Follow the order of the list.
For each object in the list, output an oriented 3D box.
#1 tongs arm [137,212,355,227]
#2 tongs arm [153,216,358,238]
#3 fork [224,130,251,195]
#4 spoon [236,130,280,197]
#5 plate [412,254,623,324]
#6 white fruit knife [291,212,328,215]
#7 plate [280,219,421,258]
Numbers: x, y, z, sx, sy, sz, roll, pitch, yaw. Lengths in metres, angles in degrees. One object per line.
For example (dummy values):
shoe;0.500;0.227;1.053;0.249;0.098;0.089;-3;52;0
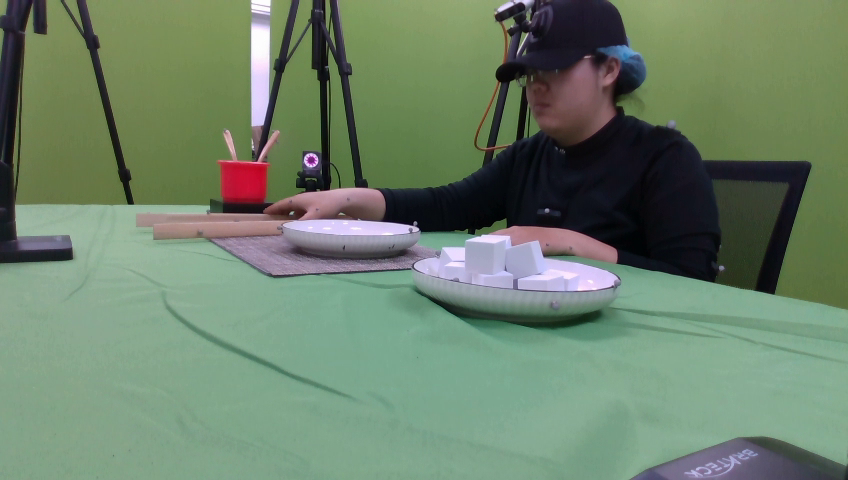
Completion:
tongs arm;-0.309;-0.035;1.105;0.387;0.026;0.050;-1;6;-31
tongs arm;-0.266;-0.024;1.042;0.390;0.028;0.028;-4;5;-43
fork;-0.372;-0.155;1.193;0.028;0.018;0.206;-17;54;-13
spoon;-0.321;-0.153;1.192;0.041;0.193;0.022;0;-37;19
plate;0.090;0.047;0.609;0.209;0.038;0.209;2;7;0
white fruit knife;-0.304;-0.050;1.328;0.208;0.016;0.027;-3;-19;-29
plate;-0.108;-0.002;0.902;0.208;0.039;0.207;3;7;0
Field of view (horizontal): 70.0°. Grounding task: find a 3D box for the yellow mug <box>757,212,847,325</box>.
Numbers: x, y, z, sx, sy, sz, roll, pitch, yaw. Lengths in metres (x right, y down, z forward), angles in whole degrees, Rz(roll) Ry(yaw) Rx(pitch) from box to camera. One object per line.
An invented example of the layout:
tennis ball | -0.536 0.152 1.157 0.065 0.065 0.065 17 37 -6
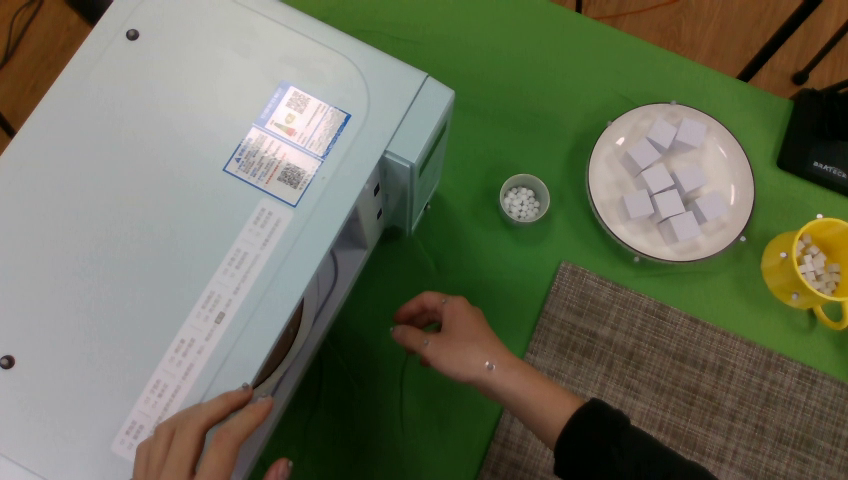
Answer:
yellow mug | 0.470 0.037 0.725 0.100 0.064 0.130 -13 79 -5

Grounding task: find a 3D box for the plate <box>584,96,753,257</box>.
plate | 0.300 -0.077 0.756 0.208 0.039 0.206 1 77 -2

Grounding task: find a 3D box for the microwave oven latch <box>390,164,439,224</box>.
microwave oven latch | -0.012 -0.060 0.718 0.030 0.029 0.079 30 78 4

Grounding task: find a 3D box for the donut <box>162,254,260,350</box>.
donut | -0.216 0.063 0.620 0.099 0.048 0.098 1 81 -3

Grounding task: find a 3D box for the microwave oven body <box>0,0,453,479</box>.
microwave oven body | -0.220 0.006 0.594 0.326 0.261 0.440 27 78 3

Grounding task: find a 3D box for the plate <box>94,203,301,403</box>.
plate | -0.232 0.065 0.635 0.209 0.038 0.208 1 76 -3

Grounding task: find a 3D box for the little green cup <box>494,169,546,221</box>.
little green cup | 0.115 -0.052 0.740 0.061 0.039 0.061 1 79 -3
* * *
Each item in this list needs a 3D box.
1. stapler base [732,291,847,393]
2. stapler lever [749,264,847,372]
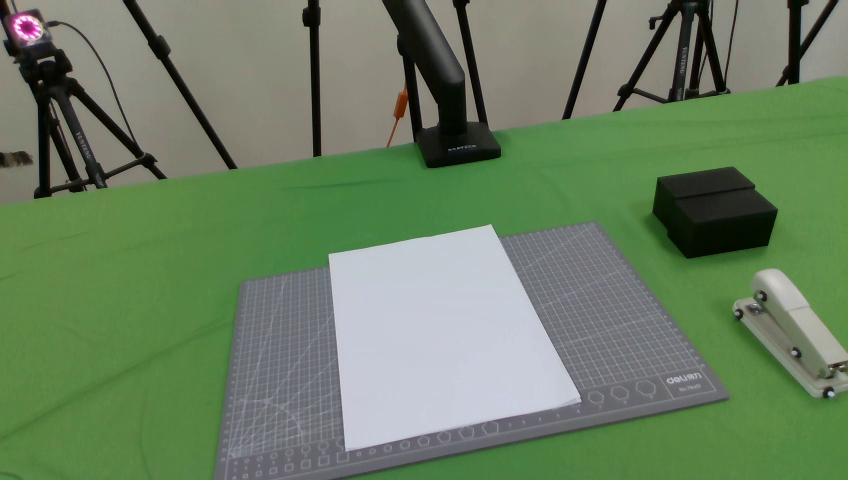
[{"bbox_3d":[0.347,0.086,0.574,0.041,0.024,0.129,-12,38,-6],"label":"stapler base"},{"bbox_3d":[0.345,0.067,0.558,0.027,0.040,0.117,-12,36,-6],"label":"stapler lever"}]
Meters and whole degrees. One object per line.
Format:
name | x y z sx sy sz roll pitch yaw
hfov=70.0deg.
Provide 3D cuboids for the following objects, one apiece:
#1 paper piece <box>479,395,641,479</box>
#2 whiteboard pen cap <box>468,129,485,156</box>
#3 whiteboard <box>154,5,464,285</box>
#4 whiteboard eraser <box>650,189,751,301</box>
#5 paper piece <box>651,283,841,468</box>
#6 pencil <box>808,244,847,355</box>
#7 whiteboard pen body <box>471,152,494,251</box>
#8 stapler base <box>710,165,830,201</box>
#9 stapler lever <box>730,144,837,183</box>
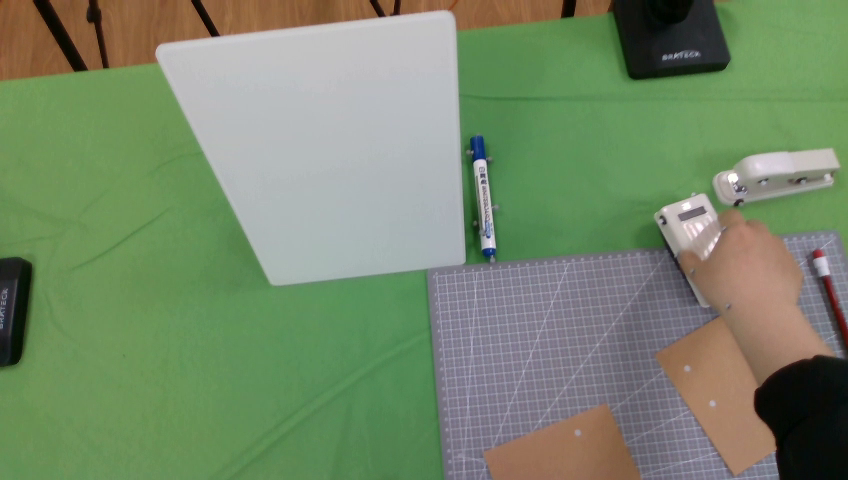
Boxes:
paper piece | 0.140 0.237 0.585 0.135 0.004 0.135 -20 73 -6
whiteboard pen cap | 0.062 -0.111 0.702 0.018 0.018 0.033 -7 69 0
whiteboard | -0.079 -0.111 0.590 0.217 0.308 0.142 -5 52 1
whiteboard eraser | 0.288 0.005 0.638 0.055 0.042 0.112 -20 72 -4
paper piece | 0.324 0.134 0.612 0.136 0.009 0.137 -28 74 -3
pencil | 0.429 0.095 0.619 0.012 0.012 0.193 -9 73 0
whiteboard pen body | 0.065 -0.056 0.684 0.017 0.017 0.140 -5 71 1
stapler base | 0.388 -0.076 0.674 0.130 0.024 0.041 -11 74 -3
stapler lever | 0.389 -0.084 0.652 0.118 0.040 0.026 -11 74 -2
...
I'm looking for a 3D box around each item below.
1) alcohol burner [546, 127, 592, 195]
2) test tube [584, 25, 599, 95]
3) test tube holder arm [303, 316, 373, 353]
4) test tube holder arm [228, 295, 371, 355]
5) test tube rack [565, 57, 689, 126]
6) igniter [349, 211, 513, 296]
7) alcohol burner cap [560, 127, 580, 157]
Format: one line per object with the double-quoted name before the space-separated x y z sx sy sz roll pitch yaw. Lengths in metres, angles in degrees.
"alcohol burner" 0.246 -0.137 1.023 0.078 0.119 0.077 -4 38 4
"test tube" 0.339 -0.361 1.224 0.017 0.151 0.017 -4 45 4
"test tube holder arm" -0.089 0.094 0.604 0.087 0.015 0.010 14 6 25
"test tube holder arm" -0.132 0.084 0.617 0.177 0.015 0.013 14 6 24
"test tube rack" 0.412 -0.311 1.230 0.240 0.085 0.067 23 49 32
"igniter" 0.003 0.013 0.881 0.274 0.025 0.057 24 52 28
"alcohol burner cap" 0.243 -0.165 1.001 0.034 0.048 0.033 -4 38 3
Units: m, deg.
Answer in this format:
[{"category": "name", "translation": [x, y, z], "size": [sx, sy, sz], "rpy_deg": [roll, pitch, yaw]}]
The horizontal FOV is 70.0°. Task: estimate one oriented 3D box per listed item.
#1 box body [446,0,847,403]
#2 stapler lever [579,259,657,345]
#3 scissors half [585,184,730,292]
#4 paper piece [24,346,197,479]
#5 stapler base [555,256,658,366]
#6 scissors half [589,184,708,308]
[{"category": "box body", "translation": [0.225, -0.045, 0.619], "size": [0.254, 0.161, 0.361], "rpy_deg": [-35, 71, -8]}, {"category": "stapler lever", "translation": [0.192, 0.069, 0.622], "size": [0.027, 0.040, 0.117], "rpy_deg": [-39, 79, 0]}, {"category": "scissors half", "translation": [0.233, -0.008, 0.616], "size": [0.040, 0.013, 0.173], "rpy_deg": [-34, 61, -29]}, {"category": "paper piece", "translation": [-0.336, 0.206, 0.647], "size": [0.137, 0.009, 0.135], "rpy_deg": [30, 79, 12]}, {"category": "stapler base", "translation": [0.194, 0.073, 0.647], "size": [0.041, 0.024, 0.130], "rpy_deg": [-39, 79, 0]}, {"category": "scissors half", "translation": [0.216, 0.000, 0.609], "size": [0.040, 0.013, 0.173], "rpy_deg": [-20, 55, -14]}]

_PROBLEM STATEMENT_.
Scan the entries above for the word "oriented", then copy every line in which it occurs.

_OUTPUT OF THE EXERCISE_.
For each object in the list, output an oriented 3D box.
The horizontal FOV is 70.0°. Task: estimate one oriented 3D box per listed item.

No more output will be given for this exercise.